In the present study, it was found a negative correlation between the size of the pond and survival. This may be explained by the use of a small pond size, which made its management more convenient for survival. The water flow produced by water exchanges resulted in more efficient and faster control if any complications aroused. In small ponds, it is easier to monitor water quality, shrimp populations, and feeding than in large ponds.

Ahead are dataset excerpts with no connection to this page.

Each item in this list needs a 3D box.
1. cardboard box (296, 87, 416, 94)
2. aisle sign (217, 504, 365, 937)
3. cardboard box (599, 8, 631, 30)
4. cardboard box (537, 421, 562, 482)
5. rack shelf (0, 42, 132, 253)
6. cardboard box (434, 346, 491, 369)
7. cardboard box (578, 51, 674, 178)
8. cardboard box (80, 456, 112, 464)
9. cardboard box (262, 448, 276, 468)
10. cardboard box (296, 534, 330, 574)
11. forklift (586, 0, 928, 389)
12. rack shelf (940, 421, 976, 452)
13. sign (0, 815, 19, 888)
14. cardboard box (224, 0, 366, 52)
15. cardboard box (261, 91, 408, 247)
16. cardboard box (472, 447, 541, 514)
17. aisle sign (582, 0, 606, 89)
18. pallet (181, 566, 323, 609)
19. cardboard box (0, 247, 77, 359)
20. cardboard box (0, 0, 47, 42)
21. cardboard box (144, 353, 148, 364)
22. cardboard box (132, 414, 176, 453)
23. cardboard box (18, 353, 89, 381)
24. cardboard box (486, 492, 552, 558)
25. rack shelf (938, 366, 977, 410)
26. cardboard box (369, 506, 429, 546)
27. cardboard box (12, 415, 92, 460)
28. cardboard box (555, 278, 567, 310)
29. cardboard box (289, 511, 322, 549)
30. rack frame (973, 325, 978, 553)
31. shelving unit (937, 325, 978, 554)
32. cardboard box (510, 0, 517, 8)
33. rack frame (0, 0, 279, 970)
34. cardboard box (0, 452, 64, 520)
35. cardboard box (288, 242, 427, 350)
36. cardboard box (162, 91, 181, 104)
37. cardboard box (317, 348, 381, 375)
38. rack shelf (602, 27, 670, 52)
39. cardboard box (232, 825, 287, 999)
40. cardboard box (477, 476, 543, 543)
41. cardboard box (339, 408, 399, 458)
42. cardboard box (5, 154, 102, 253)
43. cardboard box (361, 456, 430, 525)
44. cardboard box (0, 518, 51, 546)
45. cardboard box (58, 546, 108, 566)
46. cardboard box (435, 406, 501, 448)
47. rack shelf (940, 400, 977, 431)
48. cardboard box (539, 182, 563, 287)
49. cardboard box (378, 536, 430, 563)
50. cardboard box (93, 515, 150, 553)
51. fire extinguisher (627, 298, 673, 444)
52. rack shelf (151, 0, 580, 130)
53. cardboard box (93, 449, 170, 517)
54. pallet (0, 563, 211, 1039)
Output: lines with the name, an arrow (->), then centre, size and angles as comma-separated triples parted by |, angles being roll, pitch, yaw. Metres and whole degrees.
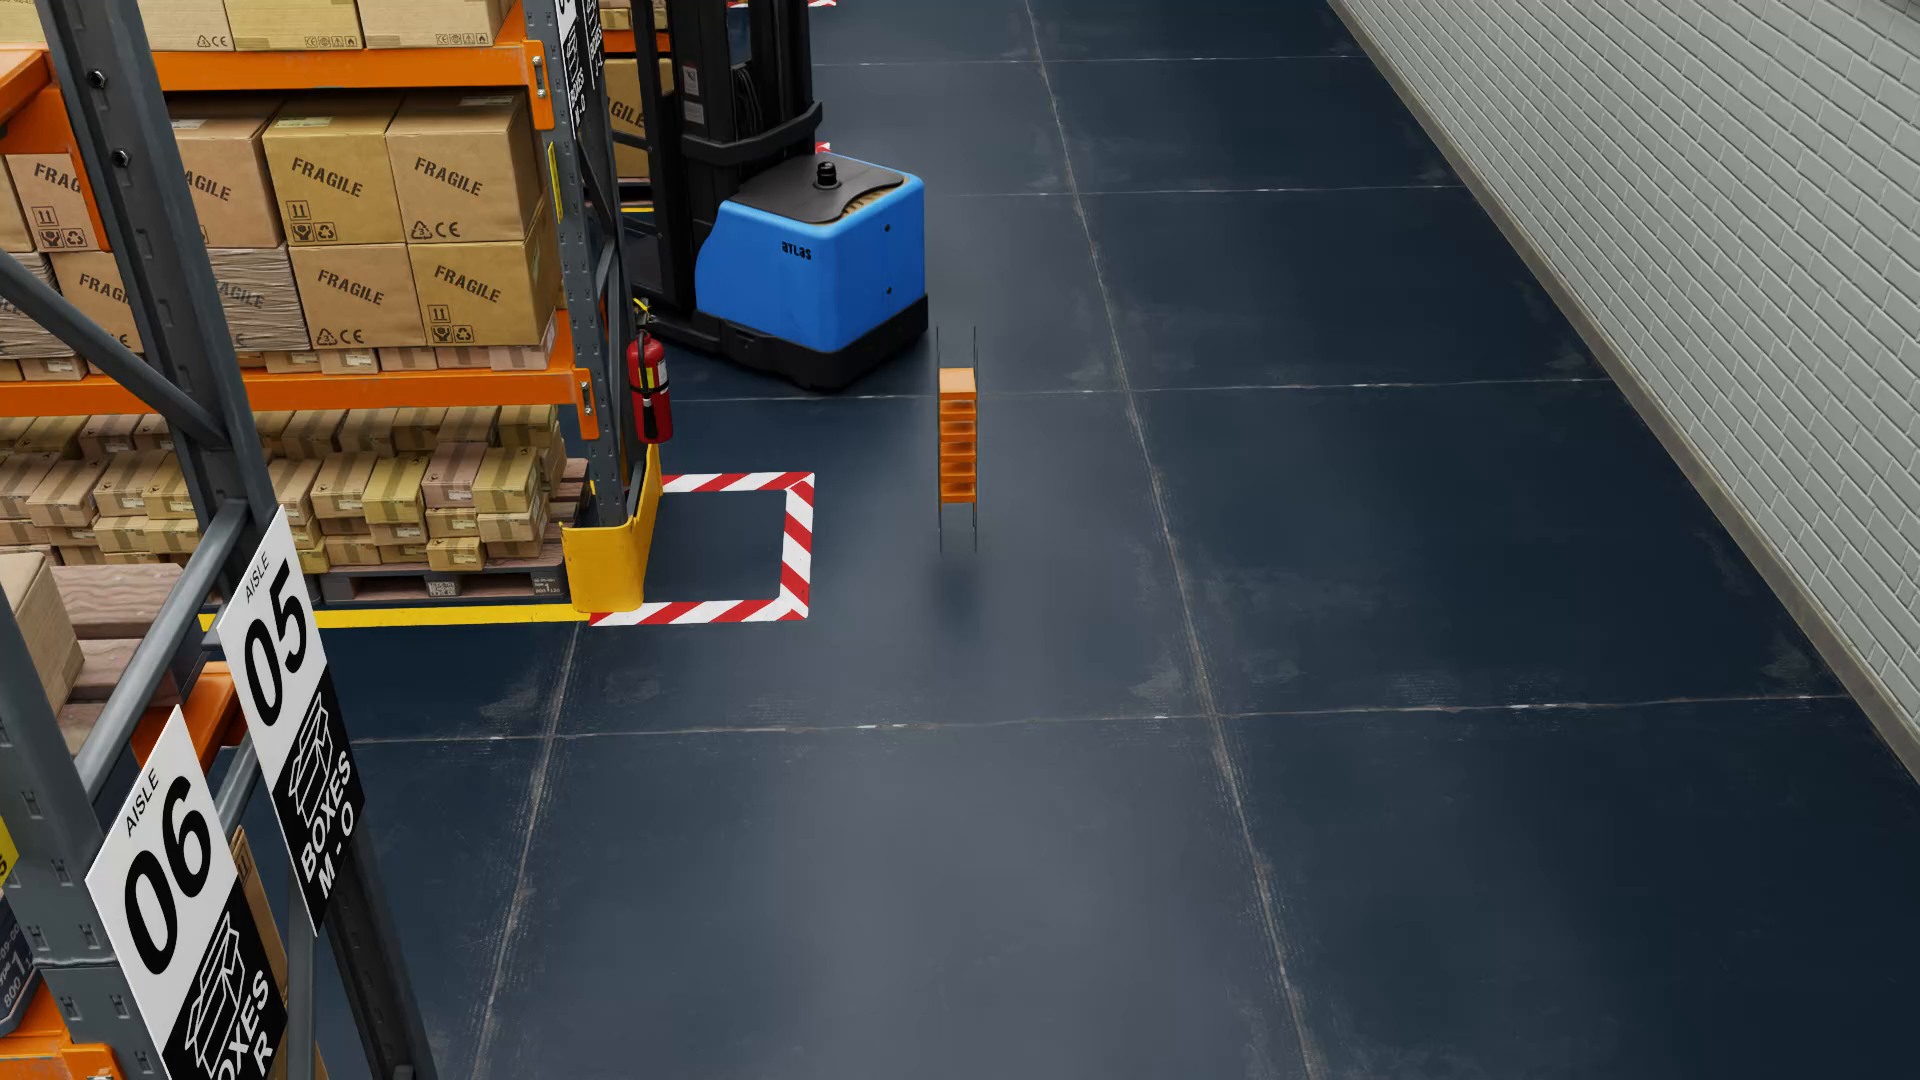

The action of wind in small ponds is more effective in mixing, or solids from the bottom of the water (Brune & Drapcho, 1991).
In the same sense, it has been emphasized the use of production units with small pond sizes for best management practices (Hernandez-Llamas & Villareal-Colmenares, 1999; Milstein et al., 2005; Magallón, 2006). Several studies using multiple linear regression models support that in small-sized units lower mortality rates are obtained (Ruiz-Velazco et al., 2010b; Estrada-Pérez et al., 2020). Similarly, a negative correlation between large-sized ponds and survival was observed. The smaller ponds stocked with the highest stocking density presented better survival (Table 2) which indicated the benefit of small ponds monitoring. It is expected, that until a certain limit in which a culture lasts, the final weight of the shrimp increases, this situation turned out as expected, the longer the culture duration, the greater the final weight is obtained (Ruiz-Velazco et al., 2010b; Ruiz-Velazco et al., 2013; Estrada-Pérez et al., 2015; Estrada-Pérez et al., 2020). This is apparently contrary to what was found in this research; however, it is more likely that this is due to an effect of stocking density and dissolved oxygen in the water, since the ponds that lasted longer were the ponds stocked at higher densities, and these same ponds that lasted longer had lower dissolved oxygen values in the water (Table 2). In other words, the final shrimp weights reached better sizes in shorter cultures, because they were stocked at lower stocking densities and had higher dissolved oxygen values, which resulted in faster harvesting.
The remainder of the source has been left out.